Os crimes que motivam a condenação
a pena de morte no mundo e na história também variam
em grande espectro. De crimes hediondos, como homicídio
e estupro, até questões ideológicas e comportamentais,
como adultério, homossexualismo, corrupção,
negação da religião oficial e ainda, insubordinação;
estas tipologias penais compõe os motivos que levam a sociedade
a decretar a morte de um dos seus, sugerindo pela natureza dos
crimes que a pena de morte serve também de instrumento
de dominação e atemorização da população,
diante do poder autoritário.
Praticamente abolida na Europa e na Oceania, tem
seus maiores índices de execução na China,
Irã e Arábia saudita, resistindo com pujança
em governos de matriz democrática, como os Estados Unidos
e o Japão.

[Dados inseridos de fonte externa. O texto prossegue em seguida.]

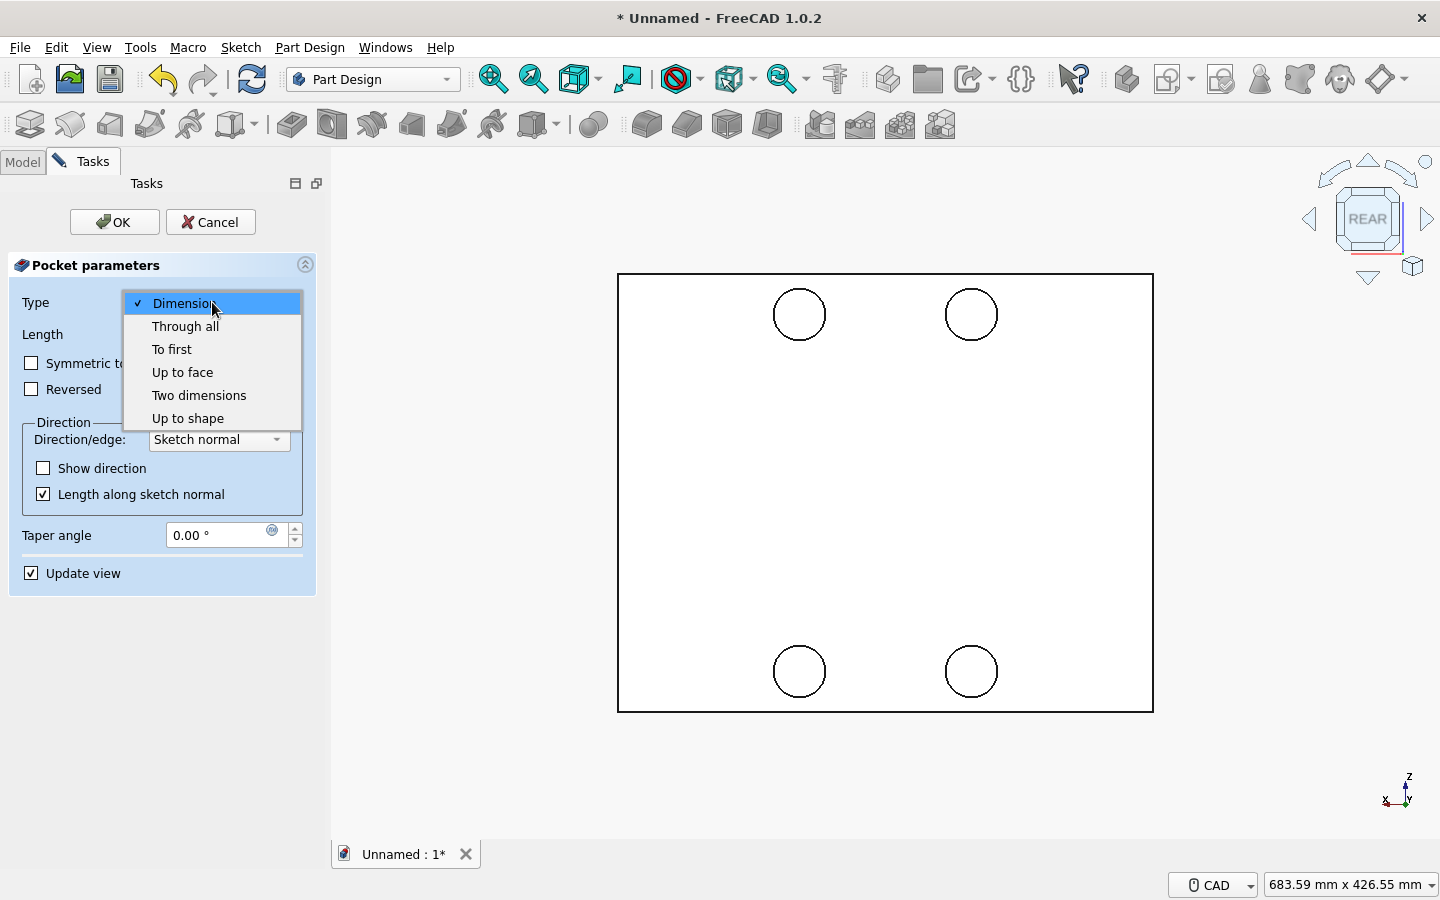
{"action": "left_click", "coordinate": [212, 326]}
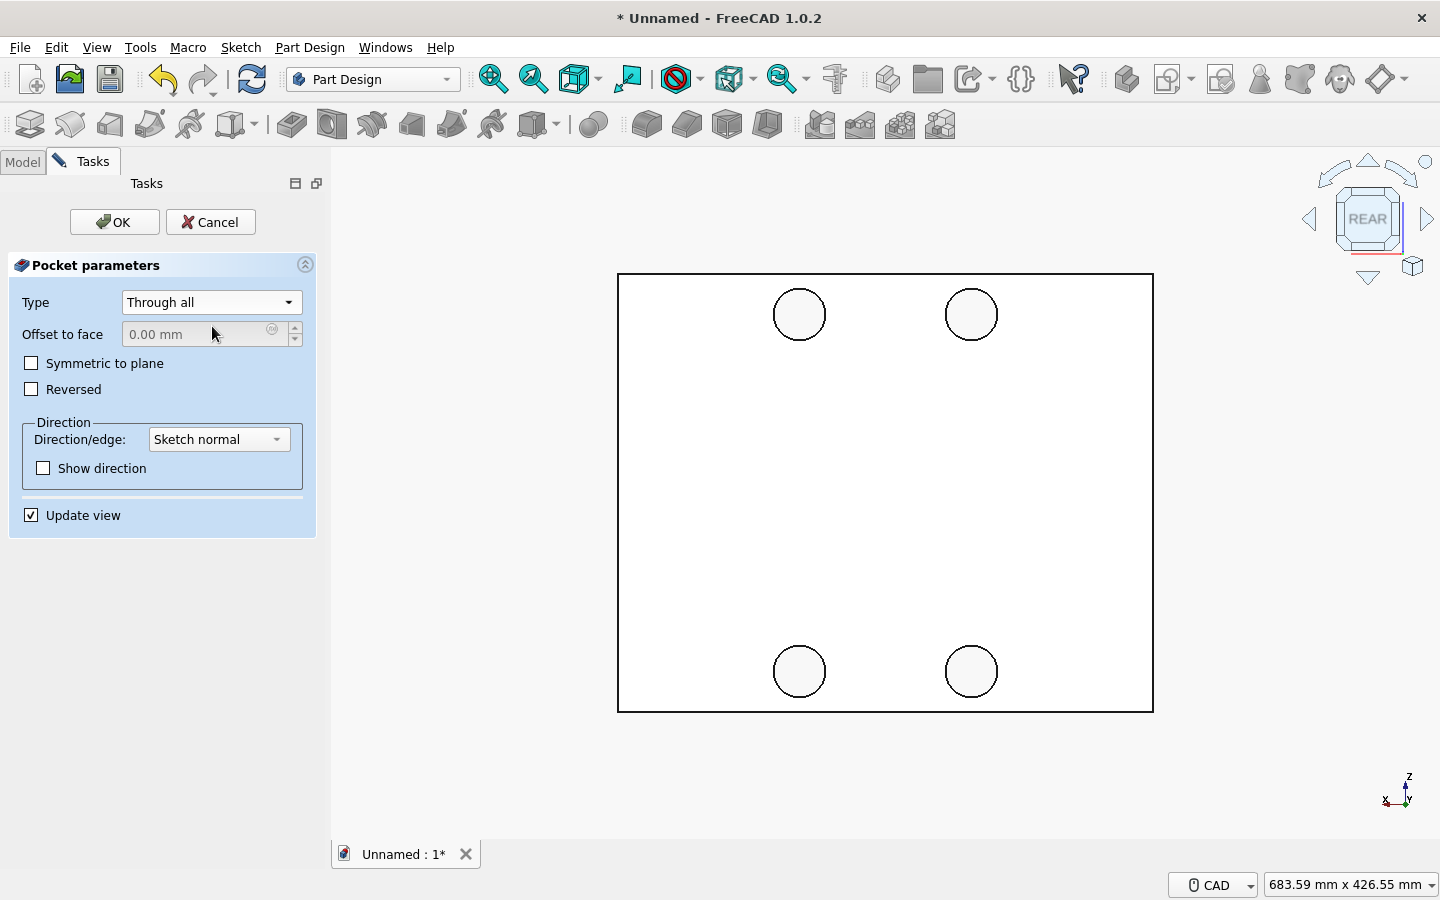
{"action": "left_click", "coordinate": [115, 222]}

Apesar desse quadro, percebe-se no mundo um
claro declínio dessa modalidade de pena, no campo legal
e prático, seja pela pressão de grupos de direitos
humanos, seja pela sua baixa efetividade na inibição
de delitos e ainda, pela possibilidade de condenação
irreversível de um inocente, o que na prática já
ocorreu mais de uma vez.
No Brasil, a última execução
por pena de morte ocorreu em 1876. No período republicano,
a exceção da Constituição Federal
de 1937, a pena de morte somente se apresenta para aplicação
em tempos de guerra, para crimes militares, previsto ainda a possibilidade
de indulto. Na prática, nossos tribunais não condenam
ninguém a morte desde 1876.
Apesar de arroubos midiáticos, a vedação
da pena de morte figura como cláusula pétrea na
Constituição Federal de 1988, o que impossibilitaria
a sua implantação em nosso ordenamento por alterações
legais ou constitucionais, federais ou regionais, o que tranquiliza
todos aqueles que marcham contra essa prática abjeta, sintonizados
com os movimentos mundiais, que encaminham esta para uma futura
extinção.
O espiritismo condena a pena de morte, de forma
veemente, em especial pelo contido nas perguntas 760 a 765, do
qual destacamos o trecho: “Sem dúvida, o progresso
social ainda muito deixa a desejar. Mas, seria injusto para com
a sociedade moderna quem não visse um progresso nas restrições
postas à pena de morte, no seio dos povos mais adiantados,
e à natureza dos crimes a que a sua aplicação
se acha limitada. Se compararmos as garantias de que, entre esses
mesmos povos, a justiça procura cercar o acusado, a humanidade
de que usa para com ele, mesmo quando o reconhece culpado, com
o que se praticava em tempos que ainda não vão muito
longe, não poderemos negar o avanço do gênero
humano na senda do progresso.”
Entretanto, apesar de distantes da pena de morte
no plano jurídico-político, não temos muito
o que nos gabar no Brasil… A pena de morte formal, por mais
contraditório que isso possa parecer, tem um aspecto positivo,
de prever um processo legal, métodos sem crueldade, a possibilidade
de indulto, o contraditório e a ampla defesa, no escopo
de direitos e garantias que consagram o direito penal, via de
regra.
Infelizmente, em nosso país, a pena de
morte se apresenta com outras faces, distante do modelo formal,
em práticas que guardam o mesmo espírito de vingança,
de exclusão do plano terreno, de espetacularização
da dor, com um barbarismo mais acentuado e com um caráter
clandestino.
Figuram em nossas páginas de jornal a casuística
de grupos de extermínio, execuções de população
de rua, homicídios por forças policiais, penas capitais
por determinação de traficantes de drogas, matadores
de aluguel, e por fim, com mais destaque recentemente, o linchamento
de criminosos de pequeno potencial ofensivo por populares. Um
ról de práticas mais abjetas que a pena de morte
formal, beirando a barbárie, e que são objeto de
adesão popular, na exaltação pelas redes
sociais.
A pena de morte, seu espírito, se apresenta
em múltiplas faces na nossa sociedade, radicada em uma
cultura de violência e de desrespeito aos direitos humanos.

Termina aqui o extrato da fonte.